Predicting the Unobservable: Thoughts on Predicted vs. Observed Data

Dave Kelly Blog

For years, philosophers have argued the nature of reality. Empiricists like David Hume argued that all we know must be rooted in observable facts. Meanwhile, rationalists like Rene Descartes thought that an inkling of innate knowledge fueled our ability to understand the world around us.

I land in some place in the middle on this debate. My firm specializes in using analytics to predict future outcomes, such as ‘household spending on discretionary items’. We often enter the fray when customers ask about the role of predicted data in the online world, given that there is so much observed data.

While no one would likely doubt that it is often better to go with observed (aka ‘known’) data over predicted data, there is a powerful role for predicted data. In other words, the rationalist philosophers were onto something.

Predicting the Unobservable

The role of predictive data becomes intensely evident when trying to understand the ‘unobservable’. For example, one cannot observe each US household’s budget/capacity to pay for cruises over the next 12 months. You can observe propensity to go on certain cruises, but that is not the same thing as understanding total capacity. In short, it is impossible to observe a knowable outcome from the data at hand. We need to extrapolate based on other criteria in order to accurately predict which couples are ready to make a large ticket purchase like this.


One key challenge with observed data is scale and reach. While there is little doubt that known subscribers to a Porsche enthusiast website are great prospects for a Porsche dealer, the reality is that this will be an extremely small group. In the predicted world, we would clone this small group to a larger universe – resulting in perhaps millions of ‘clones’ of Porsche buyers. Another example is measuring network influencers. Data publishers frequently wish to sell to known, active users of Facebook, Twitter and other social sites. The reality is that these individuals only represent a subset of the total universe. A larger market exists, but there is no observable data marketers can use to find them unless a similar cloning exercise is used.
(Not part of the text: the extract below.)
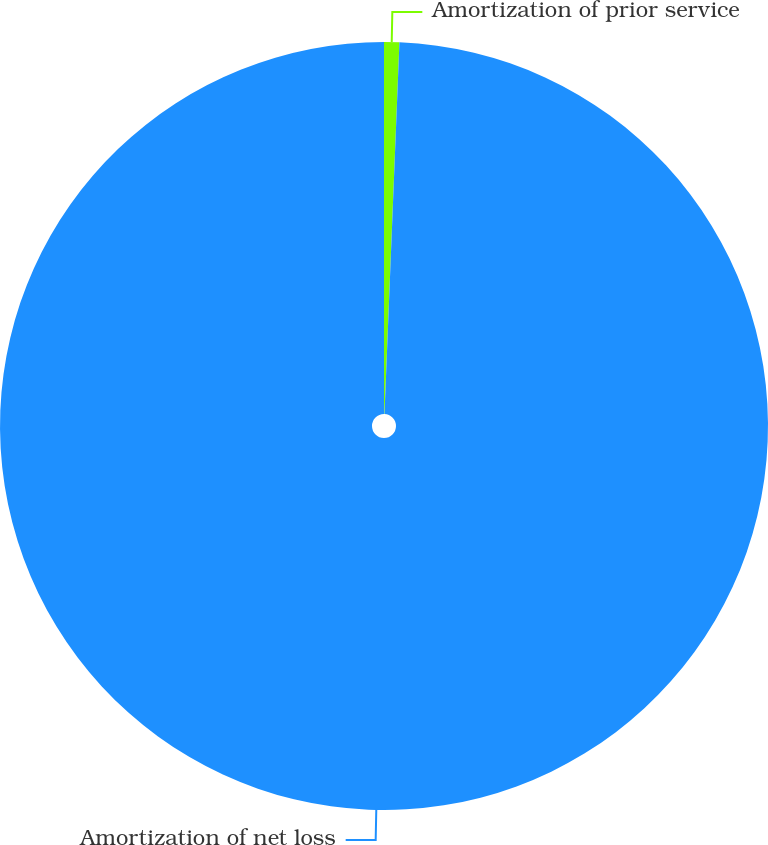<chart> <loc_0><loc_0><loc_500><loc_500><pie_chart><fcel>Amortization of prior service<fcel>Amortization of net loss<nl><fcel>0.64%<fcel>99.36%<nl></chart> 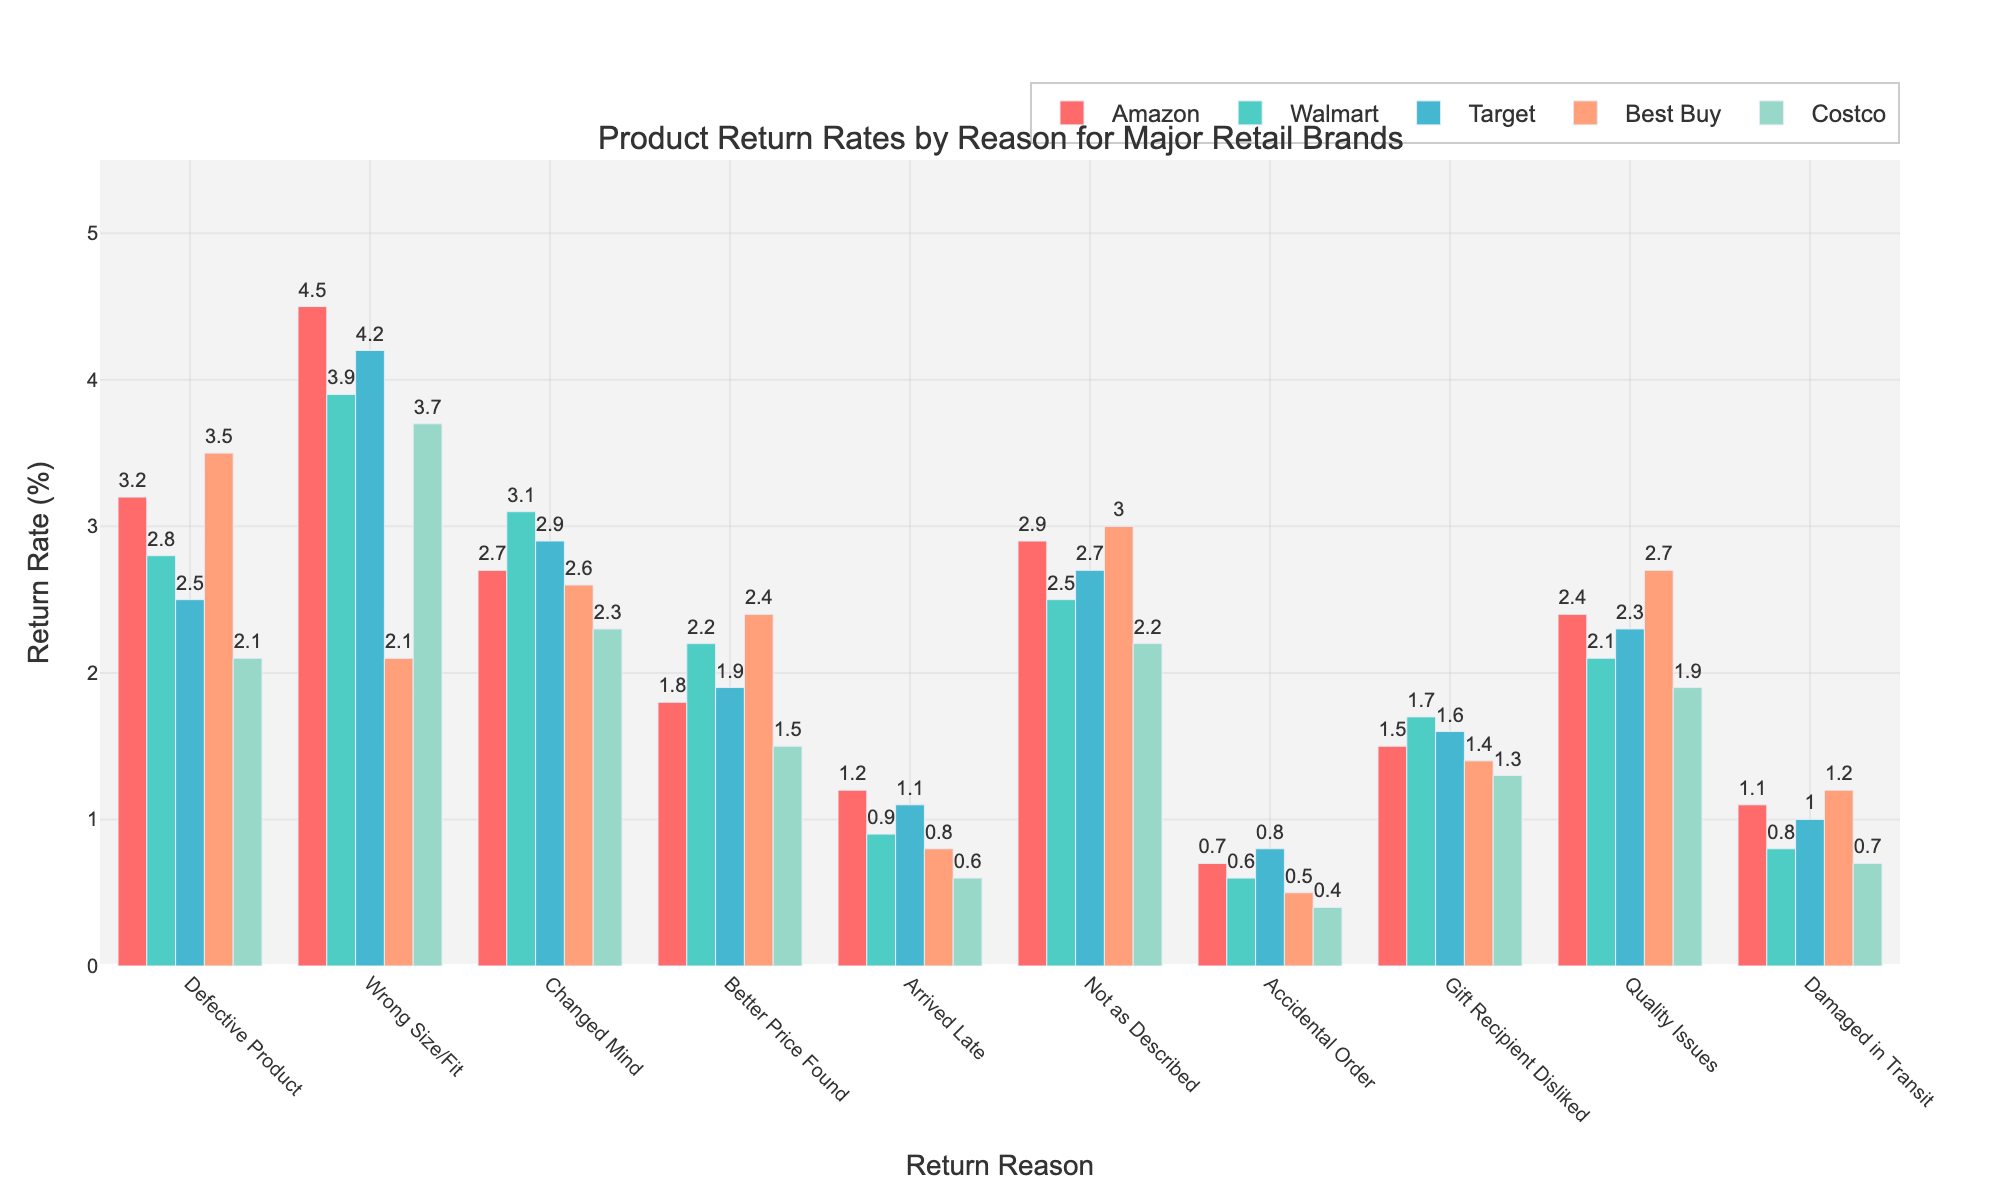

Observed data often comes with a hefty price tag. Niche data is often 2 to 10 times as expensive as comparable predicted data – meaning the subsequent performance needs to be much better. Being able to predict data is less expensive. Sorry Hume, but Descartes is simply a better bargain shopper.

Clearly, there is a role for observed data. The first step to understanding our world is to observe it. However, when the light dims and we need to figure out what lies in the shadows, we need to look for different strategies. Our recommendation is to actually utilize observed data when it is applicable and supplement it with predicted data. When many digital campaigns depend on millions of impressions to drive the expected results, a hybrid approach provides the best mix of power and scalability.